* Directions
Tally the lines below that hold the string "screenshot", and report the tally by itself.

* Given records
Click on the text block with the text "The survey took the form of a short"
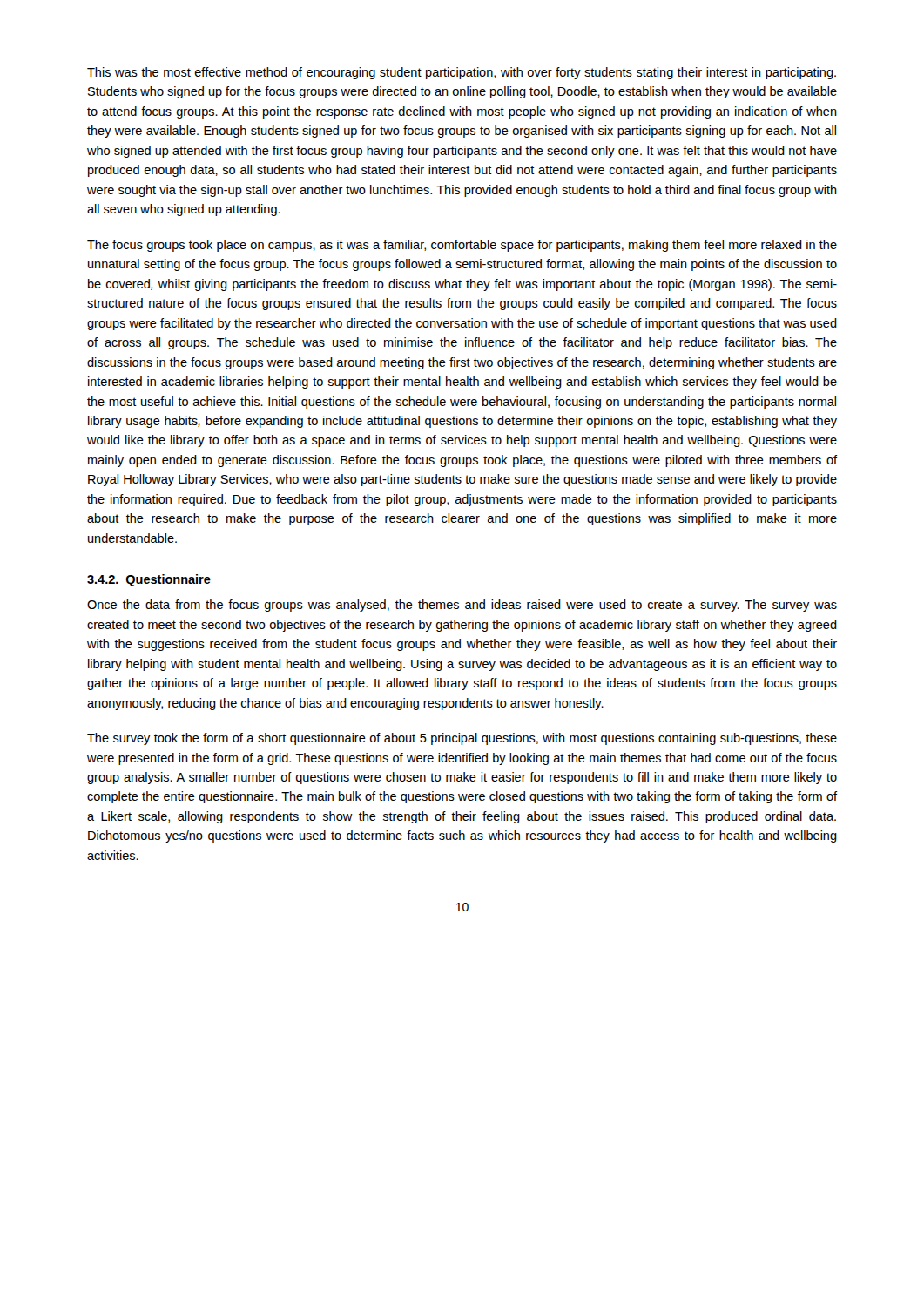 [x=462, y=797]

...

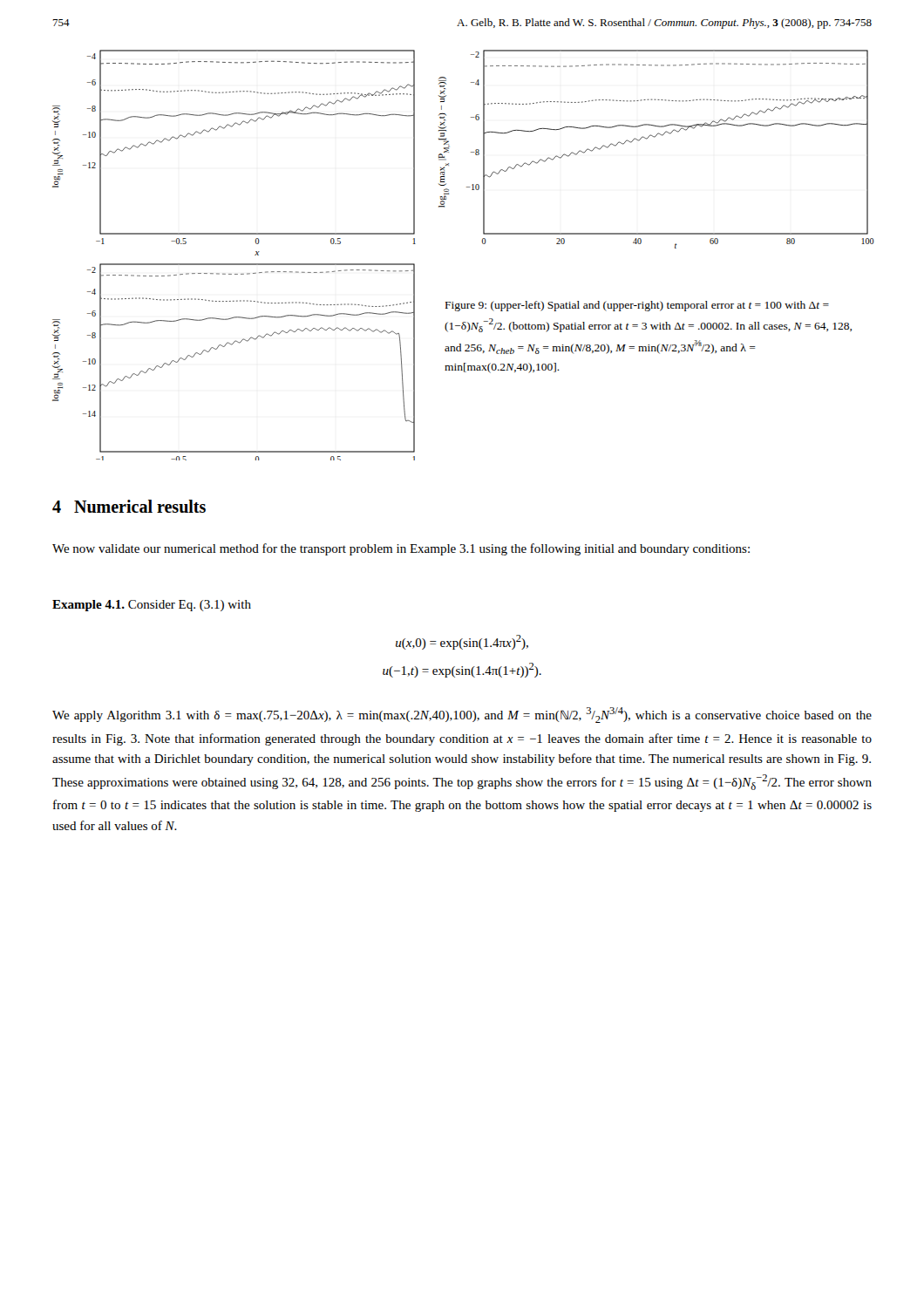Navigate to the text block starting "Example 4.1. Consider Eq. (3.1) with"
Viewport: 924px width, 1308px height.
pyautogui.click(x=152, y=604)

---

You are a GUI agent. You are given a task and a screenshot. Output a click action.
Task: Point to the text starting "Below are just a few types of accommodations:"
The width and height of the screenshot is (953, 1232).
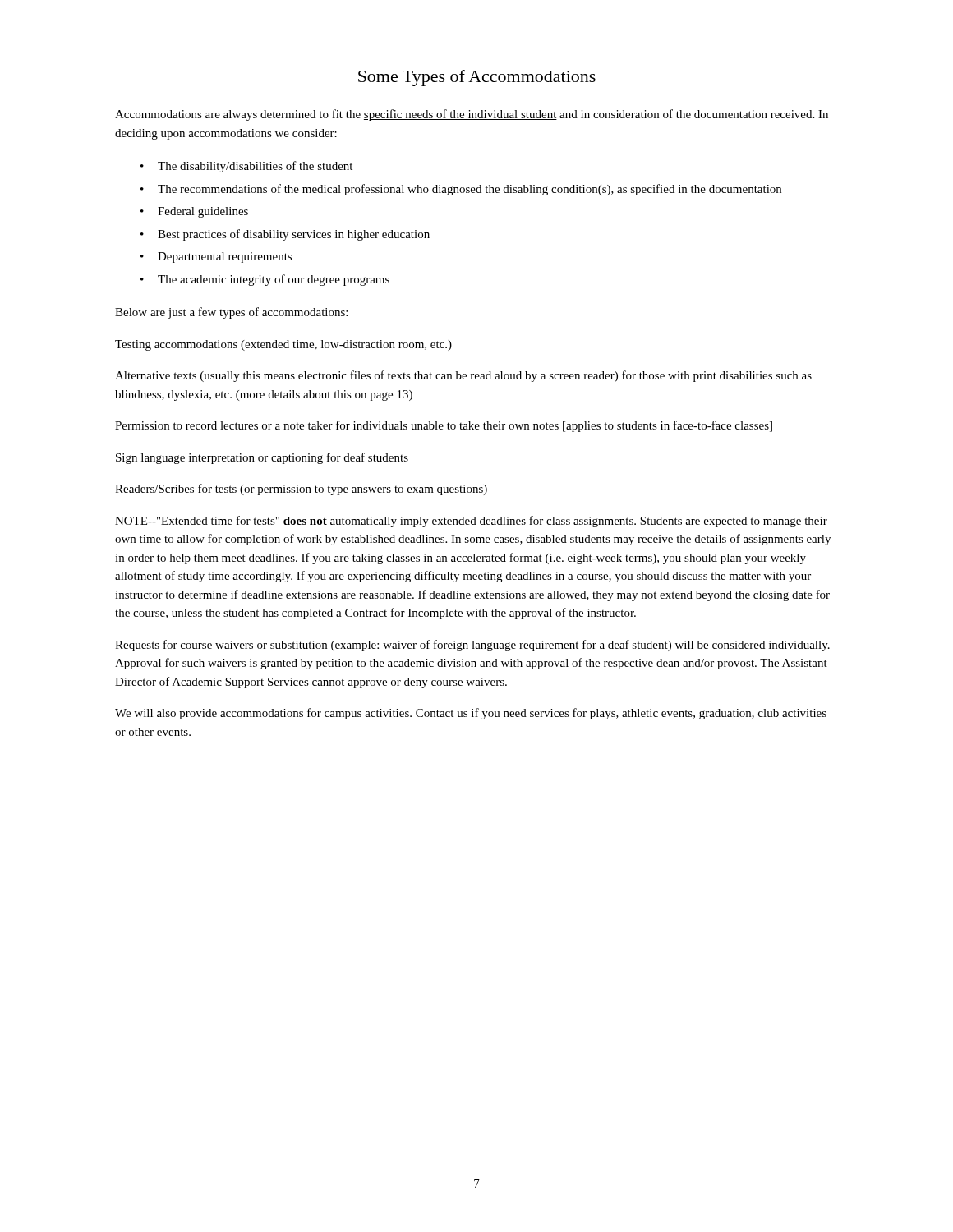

* Output for this task
2